Although proposing solutions might seem outside the scope of a technical document, given the current educational crisis in Afghanistan, a forward-looking section is as important as problem analysis. Without a clear roadmap, the Report risks becoming just another descriptive document lacking actionable direction. UNICEF, UNESCO, and other UN agencies are expected to play a key role in shaping the educational aspect of the UN’s MOSAIC framework for Afghanistan, which remains one of the most significant international roadmaps for engagement in the country, despite its limitations. Therefore, the Report should include a clear set of policy recommendations and a separate annex on education that outlines not only the problems but also their causes and practical solutions, providing a credible path forward for both national stakeholders and international partners.
Despite these limitations, one section of the Report is particularly noteworthy for its clarity: it accurately identifies the Taliban’s education policies as a direct cause of systemic collapse. Unlike prior reports that attributed failures to conflict or economic crisis, this one recognizes the deliberate policy decisions driving educational decline. The Taliban have shifted the education system toward ideological indoctrination rather than genuine learning, significantly expanding madrasa-style religious instruction. They have implemented a unified curriculum for Grades 1–6 that allocates nearly half of teaching time to Islamic subjects, displacing essential subjects like mathematics, science, and social studies. Official communications to schools mandate reduced instruction in languages and social sciences in favor of religious education and selective STEM subjects aligned with the regime’s ideological agenda. This is not education reform; it is educational re-engineering.
The Report reinforces that girls are disproportionately affected by Taliban policies, with 2.2 million adolescent girls excluded from education, and an additional 397,000 losing access each year.
The Report uses the World Bank’s report, Afghanistan Learning Poverty Report, published last year, and reinforce that learning is not happening in Afghan schools – according to the Report, 93 percent of children completing primary school in Afghanistan cannot read a simple text, ranking it among the worst-performing education systems globally.
The Report notes that nearly half of schools lack basic water and sanitation, over 1,000 schools remain closed, and child labor and child marriage are on the rise due to educational exclusion. Over 90 percent of the Ministry of Education budget is allocated to salaries (Tashkīl), leaving minimal resources for textbooks, teacher training, classroom materials, school repairs, or winter heating. The education budget exists solely to sustain the system administratively, rather than to ensure academic functionality.

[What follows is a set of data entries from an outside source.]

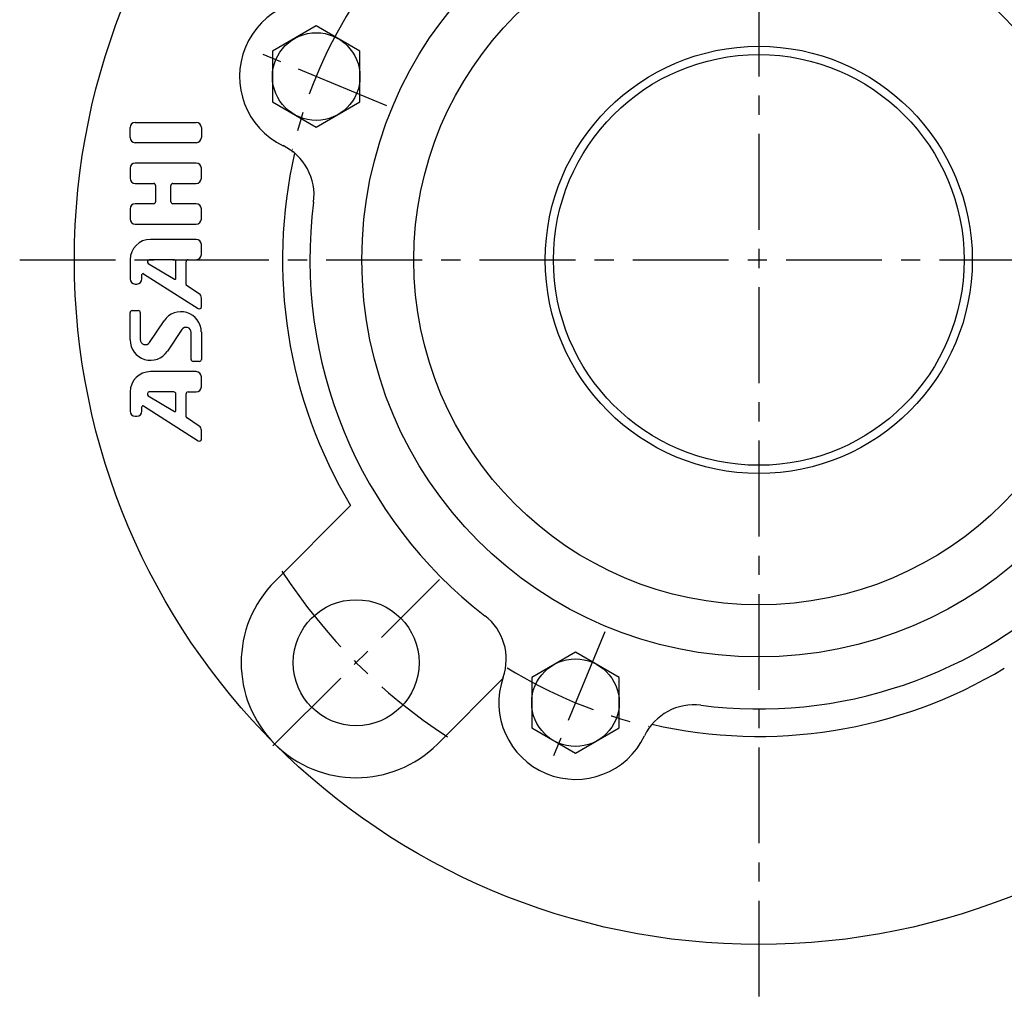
# Model space of a CAD drawing. Extents: x -135 to 306, y -135 to 306.
# Tile 1 of 7: x -135 to 45, y -135 to 44. Entities that reach past the tile are written whole.
import ezdxf

# ---------------------------------------------------------------- set-up
doc = ezdxf.new("R2010")
doc.units = 0
doc.header["$LTSCALE"] = 14
doc.linetypes.add('CENTER', pattern=[2, 1.25, -0.25, 0.25, -0.25])
doc.layers.get('0').update_dxf_attribs({"linetype": 'CONTINUOUS'})
doc.layers.add('1', color=3, linetype='CONTINUOUS')
doc.layers.add('CENTER', color=1, linetype='CENTER')

msp = doc.modelspace()

# ---------------------------------------------------------------- linework, layer by layer
for p, q in [((-80.84, 42.72), (-88.84, 38.1)), ((-72.84, 38.1), (-80.84, 42.72)), ((-88.84, 38.1), (-88.84, 28.87)), ((-72.84, 28.87), (-72.84, 38.1)), ((-88.84, 28.87), (-80.84, 24.25)), ((-80.84, 24.25), (-72.84, 28.87)), ((-88.39, -58.69), (-74.55, -44.85)), ((-33.48, -71.6), (-41.48, -76.22)), ((-25.48, -76.22), (-33.48, -71.6)), ((-58.69, -88.39), (-46.79, -76.49)), ((-41.48, -76.22), (-41.48, -85.46)), ((-25.48, -85.46), (-25.48, -76.22)), ((-41.48, -85.46), (-33.48, -90.08)), ((-33.48, -90.08), (-25.48, -85.46))]:
    msp.add_line(p, q)
for centre, radius in [((0, 0), 125), ((0, 0), 72.5), ((0, 0), 63), ((-80.84, 33.48), 8), ((0, 0), 39), ((0, 0), 37.5), ((-73.54, -73.54), 11.5), ((-33.48, -80.84), 8)]:
    msp.add_circle(centre, radius)
for centre, radius, start, end in [((-80.84, 33.48), 14, 70.6631, 244.3369), ((-91.23, 11.85), 10, 352.5981, 64.3369), ((0, 0), 87, 167.0497, 211.032), ((0, 0), 82, 172.5981, 232.4019), ((0, 0), 82, 262.5981, 7.4019), ((-73.54, -73.54), 21, 135, 315), ((-56.13, -72.89), 10, 340.6631, 52.4019), ((0, 0), 87, 257.0497, 301.032), ((-33.48, -80.84), 14, 160.6631, 334.3369), ((-11.85, -91.23), 10, 82.5981, 154.3369)]:
    msp.add_arc(centre, radius, start, end)
at = {"layer": '1'}
for p, q in [((-114.82, 22.33), (-114.82, 24.18)), ((-113.89, 25.11), (-102.75, 25.11)), ((-101.82, 24.18), (-101.82, 22.33)), ((-102.75, 21.4), (-113.89, 21.4)), ((-114.82, 16.75), (-114.82, 14.9)), ((-102.75, 17.68), (-113.89, 17.68)), ((-101.82, 14.9), (-101.82, 16.75)), ((-113.89, 13.97), (-110.55, 13.97)), ((-110.18, 13.6), (-110.18, 10.63)), ((-107.39, 10.63), (-107.39, 13.6)), ((-107.02, 13.97), (-102.75, 13.97)), ((-114.82, 9.33), (-114.82, 7.47)), ((-110.55, 10.25), (-113.89, 10.25)), ((-102.75, 10.25), (-107.02, 10.25)), ((-101.82, 7.47), (-101.82, 9.33)), ((-113.89, 6.54), (-102.75, 6.54)), ((-102.75, 3.75), (-111.11, 3.75)), ((-101.82, 0.97), (-101.82, 2.83)), ((-114.82, 0.04), (-114.82, -3.47)), ((-106.84, 0.04), (-111.32, 0.04)), ((-104.24, 0.04), (-102.75, 0.04)), ((-111.51, -0.65), (-106.75, -3.51)), ((-106.47, -3.35), (-106.47, -0.33)), ((-104.61, -4.5), (-104.61, -0.33)), ((-112.67, -3.47), (-112.67, -2.68)), ((-112.38, -2.53), (-102.39, -8.88)), ((-113.89, -4.4), (-113.59, -4.4)), ((-102.24, -6.18), (-104.53, -4.66)), ((-101.82, -8.57), (-101.82, -6.96)), ((-114.82, -14.62), (-114.82, -9.62)), ((-114.45, -9.25), (-113.34, -9.25)), ((-112.97, -9.62), (-112.97, -14.54)), ((-111.26, -15.05), (-108.63, -11.1)), ((-105.38, -12.73), (-108.02, -16.68)), ((-103.68, -18.16), (-103.68, -13.24)), ((-101.82, -13.16), (-101.82, -18.16)), ((-102.19, -18.53), (-103.31, -18.53)), ((-102.75, -20.39), (-111.11, -20.39)), ((-101.82, -23.17), (-101.82, -21.32)), ((-114.82, -24.1), (-114.82, -27.61)), ((-111.51, -24.79), (-106.75, -27.65)), ((-106.84, -24.1), (-111.32, -24.1)), ((-106.47, -27.49), (-106.47, -24.47)), ((-104.61, -28.65), (-104.61, -24.47)), ((-104.24, -24.1), (-102.75, -24.1)), ((-112.67, -27.61), (-112.67, -26.83)), ((-112.38, -26.67), (-102.39, -33.03)), ((-113.9, -28.54), (-113.6, -28.54)), ((-102.23, -30.33), (-104.52, -28.8)), ((-101.82, -32.71), (-101.82, -31.1))]:
    msp.add_line(p, q, dxfattribs=at)
for centre, radius, start, end in [((-113.89, 24.18), 0.929, 90, 180), ((-102.75, 24.18), 0.929, 0, 90), ((-113.89, 22.33), 0.929, 180, 270), ((-102.75, 22.33), 0.929, 270, 0), ((-113.89, 16.75), 0.929, 90, 180), ((-102.75, 16.75), 0.929, 0, 90), ((-113.89, 14.9), 0.929, 180, 270), ((-102.75, 14.9), 0.929, 270, 0), ((-110.55, 13.6), 0.371, 0, 90), ((-107.02, 13.6), 0.371, 90, 180), ((-113.89, 9.33), 0.929, 90, 180), ((-110.55, 10.63), 0.371, 270, 0), ((-107.02, 10.63), 0.371, 180, 270), ((-102.75, 9.33), 0.929, 0, 90), ((-113.89, 7.47), 0.929, 180, 270), ((-102.75, 7.47), 0.929, 270, 0), ((-111.11, 0.04), 3.71, 90, 180), ((-102.75, 2.83), 0.929, 0, 90), ((-111.32, -0.33), 0.371, 90, 239.0362), ((-106.84, -0.33), 0.371, 0, 90), ((-104.24, -0.33), 0.371, 90, 180), ((-102.75, 0.97), 0.929, 270, 0), ((-113.89, -3.47), 0.929, 180, 270), ((-113.59, -3.47), 0.929, 270, 0), ((-112.48, -2.68), 0.186, 57.5288, 180), ((-106.65, -3.35), 0.186, 239.0362, 0), ((-104.42, -4.5), 0.186, 180, 236.3099), ((-102.75, -6.96), 0.929, 0, 56.3099), ((-102.19, -8.57), 0.371, 237.5288, 0), ((-114.45, -9.62), 0.371, 90, 180), ((-113.34, -9.62), 0.371, 0, 90), ((-105.54, -13.16), 3.71, 0, 146.3099), ((-104.61, -13.24), 0.929, 0, 146.3099), ((-111.11, -14.62), 3.71, 180, 326.3099), ((-112.04, -14.54), 0.929, 180, 326.3099), ((-103.31, -18.16), 0.371, 180, 270), ((-102.19, -18.16), 0.371, 270, 0), ((-111.11, -24.1), 3.71, 90, 180), ((-102.75, -21.32), 0.929, 0, 90), ((-102.75, -23.17), 0.929, 270, 0), ((-111.32, -24.47), 0.371, 90, 239.0362), ((-106.84, -24.47), 0.371, 0, 90), ((-104.24, -24.47), 0.371, 90, 180), ((-112.48, -26.83), 0.186, 57.5288, 180), ((-113.89, -27.61), 0.929, 180, 270), ((-113.59, -27.61), 0.929, 270, 0), ((-106.65, -27.49), 0.186, 239.0362, 0), ((-104.42, -28.65), 0.186, 180, 236.3099), ((-102.75, -31.1), 0.929, 0, 56.3099), ((-102.19, -32.71), 0.371, 237.5288, 0)]:
    msp.add_arc(centre, radius, start, end, dxfattribs=at)
at = {"layer": 'CENTER'}
for p, q in [((0, 135), (0, -135)), ((-67.91, 28.13), (-93.77, 38.84)), ((-135, 0), (135, 0)), ((-88.74, -88.74), (-58.34, -58.34)), ((-28.13, -67.91), (-38.84, -93.77))]:
    msp.add_line(p, q, dxfattribs=at)
for radius, start, end in [(87.5, 148.3229, 166.6771), (87.5, 166.8929, 167.0056), (104, 213.134, 236.866), (87.5, 238.3229, 256.6771)]:
    msp.add_arc((0, 0), radius, start, end, dxfattribs=at)

doc.saveas('drawing.dxf')

The Report identifies several key challenges and reiterates ongoing concerns regarding access, exclusion, and declining quality. However, it primarily remains descriptive and does not address the deeper structural, institutional, and policy factors contributing to the crisis. By not confronting the political and policy roots of educational repression or offering a clear framework for solutions, it risks reinforcing the issue rather than fostering a meaningful discussion on how to protect and rebuild education in Afghanistan.